On this site, we've also discussed a variety of other ways by which the brain's reasoning sometimes goes wrong: the absurdity heuristic, the affect heuristic, the affective death spiral, the availability heuristic, the conjunction fallacy... the list goes on and on.
So what happens when you've read too many newspaper articles and then naively wonder about how frequent different disasters are? You are querying your unconscious processes about a certain kind of statistical relationship, and you get an answer back. But like the person who was naively misapplying her statistical tools, the process which generates the answers is a black box to you. You do not know how or why it works. If you would, you could tell when its results were reliable, when they needed to be explicitly corrected for, and when they were flat-out wrong.
Sometimes we rely on our intuitions even when they are being directly contradicted by math and science. The science seems absurd and unintuitive; our intuitions seem firm and clear. And indeed, sometimes there's a flaw in the science, and we are right to trust our intuitions. But on other occasions, our intuitions are wrong. Yet we frequently persist in holding onto our intuitions. And what is ironic is that we persist on holding onto them exactly because we do not know how they work, because we cannot see their insides and all the things inside them that could go wrong. We only get the feeling of certainty, a knowledge of this being right, and that feeling cannot be broken into parts that could be subjected to criticism to see if they add up.
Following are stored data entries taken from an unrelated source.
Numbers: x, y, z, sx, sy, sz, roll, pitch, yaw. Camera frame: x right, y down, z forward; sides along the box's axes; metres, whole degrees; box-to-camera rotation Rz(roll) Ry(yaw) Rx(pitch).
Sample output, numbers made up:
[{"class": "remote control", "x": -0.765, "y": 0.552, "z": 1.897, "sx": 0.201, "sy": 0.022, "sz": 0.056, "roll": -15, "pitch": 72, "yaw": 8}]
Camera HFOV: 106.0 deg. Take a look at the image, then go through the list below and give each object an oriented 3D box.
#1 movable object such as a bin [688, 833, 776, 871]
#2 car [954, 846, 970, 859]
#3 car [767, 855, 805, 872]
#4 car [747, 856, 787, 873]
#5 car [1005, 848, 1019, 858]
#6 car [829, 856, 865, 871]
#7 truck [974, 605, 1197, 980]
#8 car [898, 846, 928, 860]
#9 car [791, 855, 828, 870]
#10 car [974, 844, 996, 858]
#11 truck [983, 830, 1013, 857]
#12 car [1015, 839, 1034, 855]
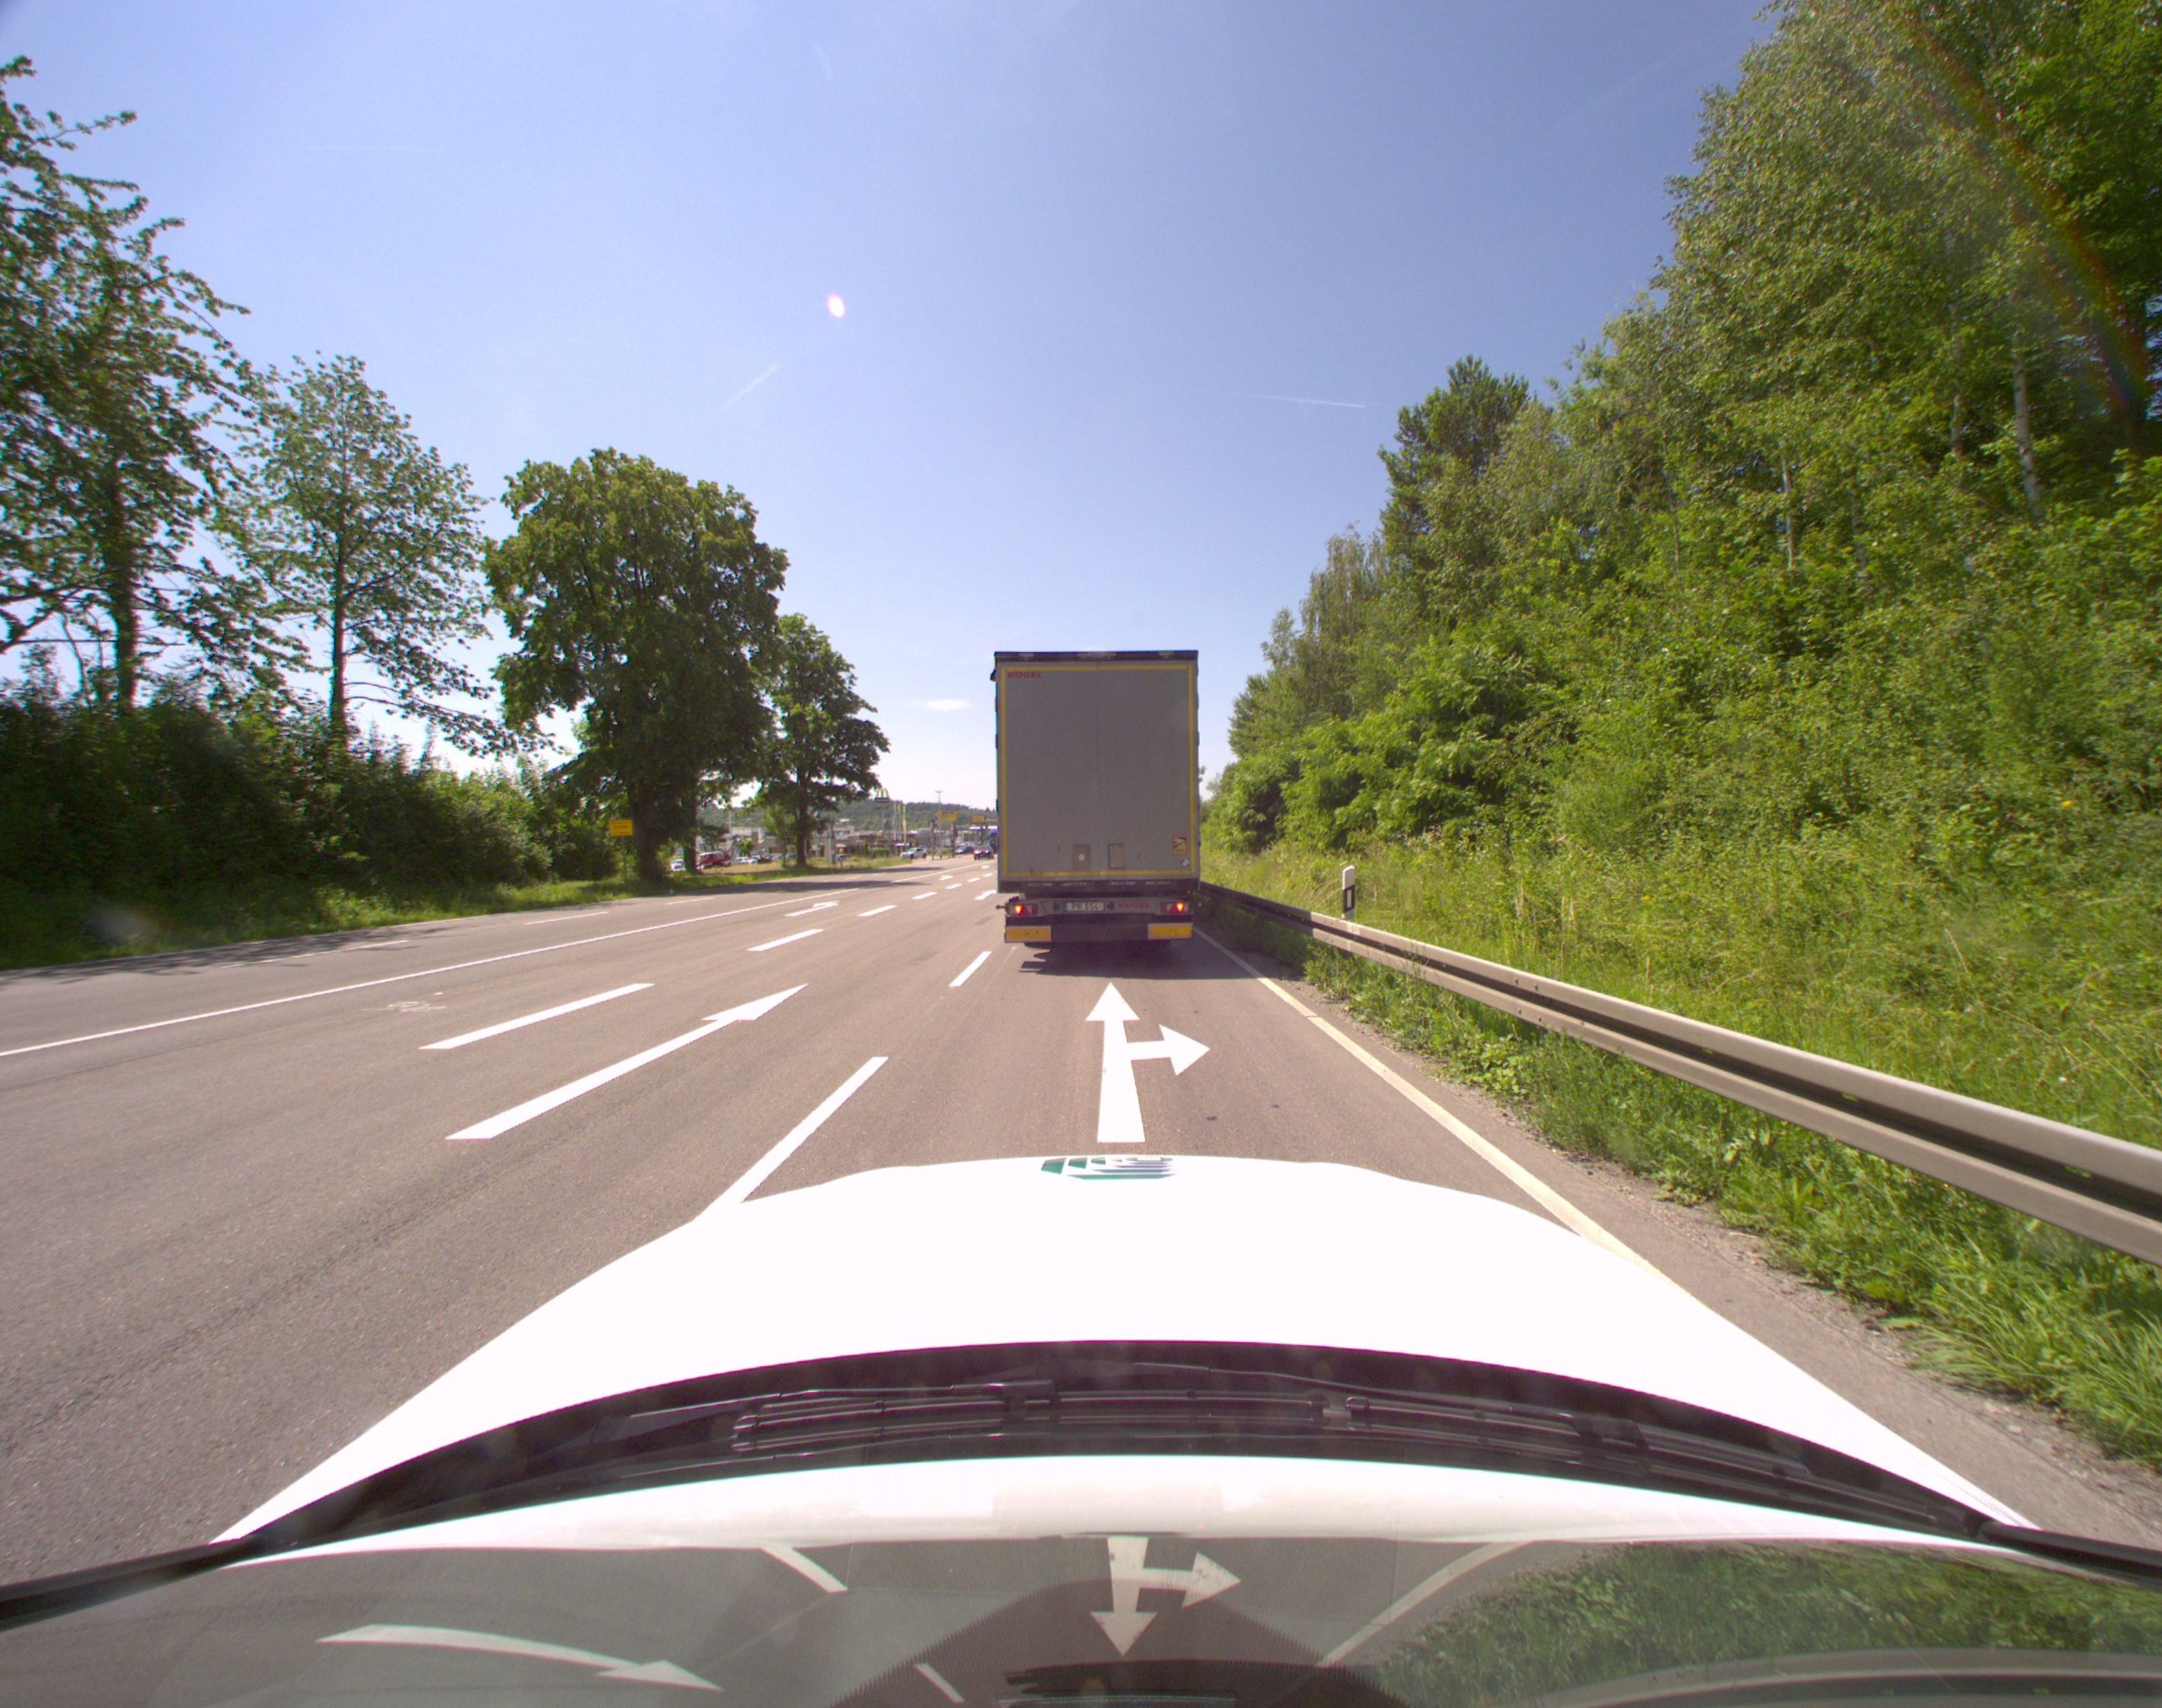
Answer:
[{"class": "movable object such as a bin", "x": -32.412, "y": -0.235, "z": 75.759, "sx": 3.013, "sy": 3.298, "sz": 6.835, "roll": -1, "pitch": 1, "yaw": 41}, {"class": "car", "x": -19.450, "y": -0.317, "z": 133.636, "sx": 1.987, "sy": 2.013, "sz": 4.000, "roll": -1, "pitch": 1, "yaw": 0}, {"class": "car", "x": -30.816, "y": 0.982, "z": 85.008, "sx": 3.948, "sy": 1.618, "sz": 1.852, "roll": -1, "pitch": 1, "yaw": 37}, {"class": "car", "x": -32.121, "y": 1.108, "z": 83.174, "sx": 3.948, "sy": 1.651, "sz": 2.013, "roll": -1, "pitch": 1, "yaw": 38}, {"class": "car", "x": -10.127, "y": -0.110, "z": 120.348, "sx": 1.761, "sy": 1.386, "sz": 3.999, "roll": 0, "pitch": 0, "yaw": 0}, {"class": "car", "x": -25.460, "y": 1.012, "z": 88.563, "sx": 3.948, "sy": 1.618, "sz": 1.852, "roll": -1, "pitch": 1, "yaw": 37}, {"class": "truck", "x": 0.266, "y": -0.736, "z": 18.413, "sx": 2.745, "sy": 4.639, "sz": 16.660, "roll": 0, "pitch": 0, "yaw": 1}, {"class": "car", "x": -24.795, "y": -0.166, "z": 120.113, "sx": 1.974, "sy": 2.013, "sz": 4.026, "roll": -1, "pitch": 1, "yaw": 36}, {"class": "car", "x": -29.055, "y": 0.915, "z": 87.171, "sx": 3.948, "sy": 1.618, "sz": 1.852, "roll": -1, "pitch": 1, "yaw": 37}, {"class": "car", "x": -10.449, "y": -0.343, "z": 88.588, "sx": 1.896, "sy": 1.508, "sz": 3.765, "roll": 0, "pitch": 0, "yaw": 1}, {"class": "truck", "x": -13.529, "y": -1.707, "z": 134.153, "sx": 2.958, "sy": 4.176, "sz": 16.575, "roll": -2, "pitch": 1, "yaw": 0}, {"class": "car", "x": -7.081, "y": -0.907, "z": 102.089, "sx": 1.987, "sy": 2.013, "sz": 4.000, "roll": 0, "pitch": 0, "yaw": 1}]

But like statistical techniques in general, our intuitions are not magic. Hitting a broken window with a hammer will not fix the window, no matter how reliable the hammer. It would certainly be easy and convenient if our intuitions always gave us the right results, just like it would be easy and convenient if our statistical techniques always gave us the right results. Yet carelessness can cost lives. Misapplying a statistical technique when evaluating the safety of a new drug might kill people or cause them to spend money on a useless treatment. Blindly following our intuitions can cause our careers, relationships or lives to crash and burn, because we did not think of the possibility that we might be wrong.
That is why we need to study the cognitive sciences, figure out the way our intuitions work and how we might correct for mistakes. Above all, we need to learn to always question the workings of our minds, for we need to understand that they are not magical.